Using try, except, pass is acceptable, but there is a cleaner way to write this using contextlib.suppress() available for python 3.4+.
from contextlib import suppress
def get_random_foo_or_bar():
"Still prefer foos."
with suppress(IndexError):
return get_random_foo()
with suppress(IndexError):
return get_random_bar()
raise IndexError("No foos, no bars")
pass is fine (there's a reason it's in the language!-), but a pass-free alternative just takes a bit more nesting:
try: return get_random_foo()
except IndexError:
try: return get_random_bar()
except IndexError:
raise IndexError "no foos, no bars"
Python's Zen (import this from the interactive interpreter prompt) says "flat is better than nested", but nesting is also in the language, for you to use when you decide (presumably being enlightened) that you can do better than that wise koan!-) (As in, "if you meet the Buddha on the road"...).
It looks a little weird to me that get_random_foo() is raising an IndexError when it doesn't take an index as a param (but it might make more sense in context). Why not have get_random_foo(), or a wrapper, catch the error and return None instead?
def get_random_foo_wrapper():
try:
return get_random_foo()
except IndexError:
return None
def get_random_foo_or_bar():
"I'd rather have a foo than a bar."
return get_random_foo_wrapper() or get_random_bar_wrapper() or None
Edit: I should mention that if foo & bar are objects that may evaluate to False (0 or '' say) then the or comparison will skip over them which is BAD
If it's just those two, could always just...
try:
return get_random_foo()
except IndexError:
try:
return get_random_bar()
except IndexError:
raise IndexError, "No foos, no bars"
If it's more than two, what you have written seems perfectly acceptable.
Building on Peter Gibson's suggestion, you could create a generic wrapper function that swallows a given exception. And then you could write a function that returns such a generic wrapper for a provided exception. Or heck, for a provided list of exceptions.

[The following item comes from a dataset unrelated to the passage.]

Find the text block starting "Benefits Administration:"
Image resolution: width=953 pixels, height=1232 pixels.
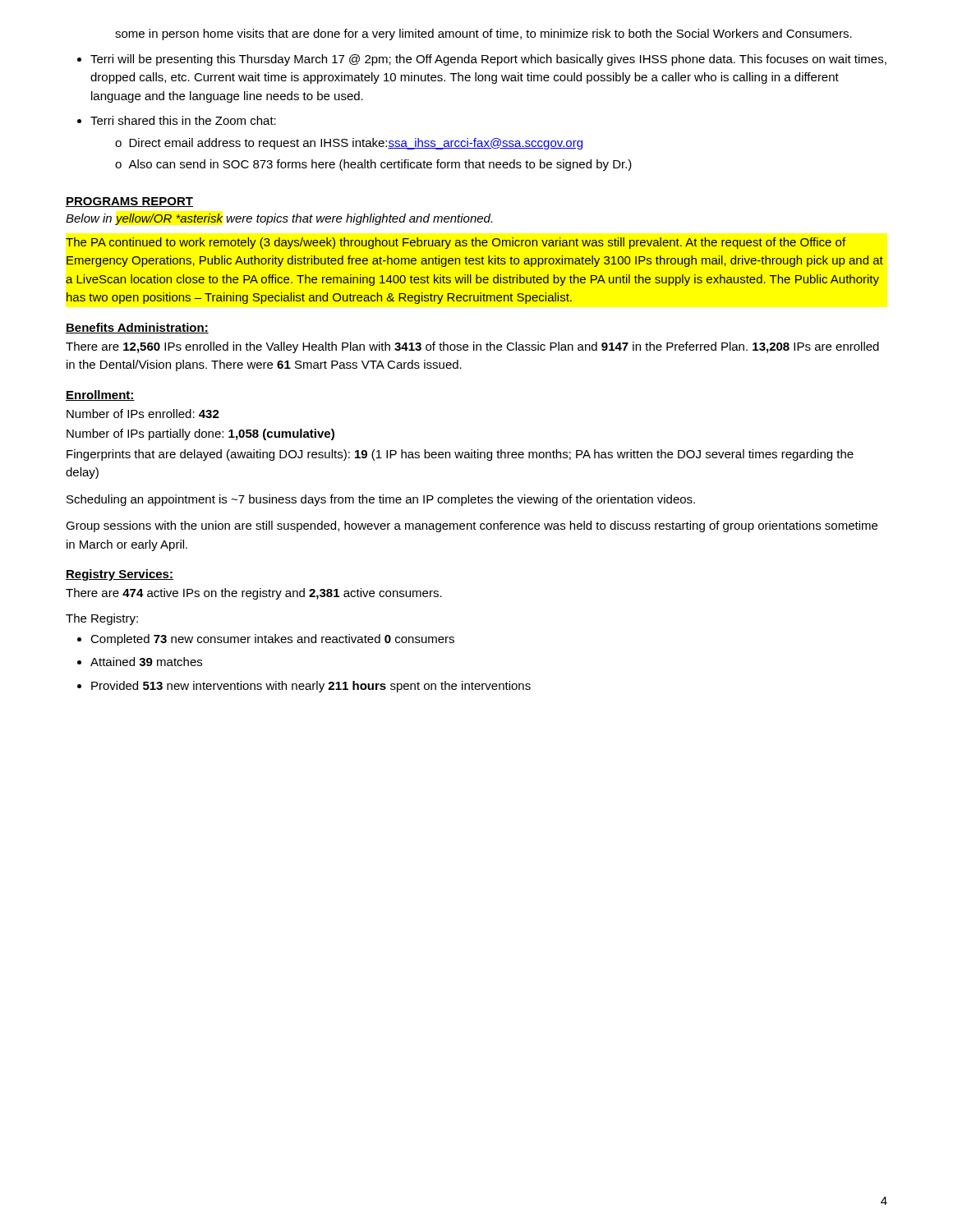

def maketrap(*exceptions):
def trap(func, *args, **kwargs):
try:
return func(*args, **kwargs)
except exceptions:
return None
return trap
def get_random_foo_or_bar():
mytrap = maketrap(IndexError)
return mytrap(get_random_foo) or mytrap(get_random_bar) or None
If you don't really need the exception message (just the type):
def get_random_foo_or_bar():
try:
return get_random_foo()
except IndexError:
return get_random_bar() # if failing at this point,
# the whole function will raise IndexError
Is it necessary that get_random_foo/bar() raise an IndexError if it's unable to succeed?
If they returned None, you could do:
def get_random_foo_or_bar():
return get_random_foo() or get_random_bar()
Related
I have this:
try:
if session.var:
otherVar = session.var
else:
util = db.utility[1]
otherVar = session.var = util.freshOutTheBank
except AttributeError:
util = db.utility[1]
otherVar = session.var = util.freshOutTheBank
...do stuff with otherVar
The case is that the session.var might not exist or could be None. This code is also run more than once by a user during a session.
How do I avoid repeating the code. I basically want to do an 'except and else' or am I looking at this incorrectly?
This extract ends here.